Harry Durfee looked perplexed, tapped his bat again on the place, and waited. Again the red-haired pitcher turned and twisted and threw, and again the umpire called “Strike!” Durfee turned on him indignantly.
“Oh, say now, that was away out here!” he expostulated. “Gee, get your eyes working, won’t you?”
“Cut that out, Durfee,” warned Mr. Payson, the coach, from his seat at the end of the bench.
The next delivery looked pretty good to the Yardley captain, and he swung at it viciously. But the ball dropped under the bat and, with the handful of Porter Institute supporters howling gleefully, Durfee turned away to toss his bat to the ground and meet the grins of his teammates.
“He can fool you all right,” he muttered, as he squeezed himself in between Alf and Dan. “That drop of his is a peach. Watch out for it, Alf.”
Condit, third-baseman, went out on a pop-fly to catcher.
“Loring up,” announced the scorer. “Vinton on deck.”
Alf was a good hitter and not an easy man to deceive, but the Porter pitcher managed to fool him completely on the first three balls delivered; and in the end, although Alf managed to connect with the ball, he was an easy out, shortstop to first. Porter cheered derisively, and even Yardley was amused.
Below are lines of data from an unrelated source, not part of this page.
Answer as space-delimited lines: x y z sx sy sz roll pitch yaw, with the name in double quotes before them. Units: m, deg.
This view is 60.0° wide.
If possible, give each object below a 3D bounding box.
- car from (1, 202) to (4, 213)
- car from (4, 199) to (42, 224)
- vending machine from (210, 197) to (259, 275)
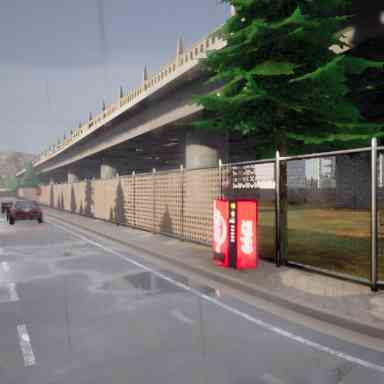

But if Holmes was effective, so for that matter was Reid. Reid was less showy than Holmes, but had some curves that were hard to judge. The first batsman got to first by being grazed on the elbow, but stayed there while the next three were called out on strikes. And so the game went for four innings, both sides proving unable to hit the ball safely. Durfee was getting quite peeved about it. His specialty was bunting, and once on first, it took a sharp infield to keep him from stealing around the cushions and reaching home. But twice, so far, he had been struck out, and he was getting thoroughly exasperated. At the beginning of the fourth inning the first Porter batsman up hit safely to short center; and, although the next man fouled out ingloriously, a bunt down the third-base line advanced the runner and left a man safe on first. The Porter coachers got busy then, and from behind first and third bases howled and shouted directions to the runners and made unkind observations regarding the pitcher.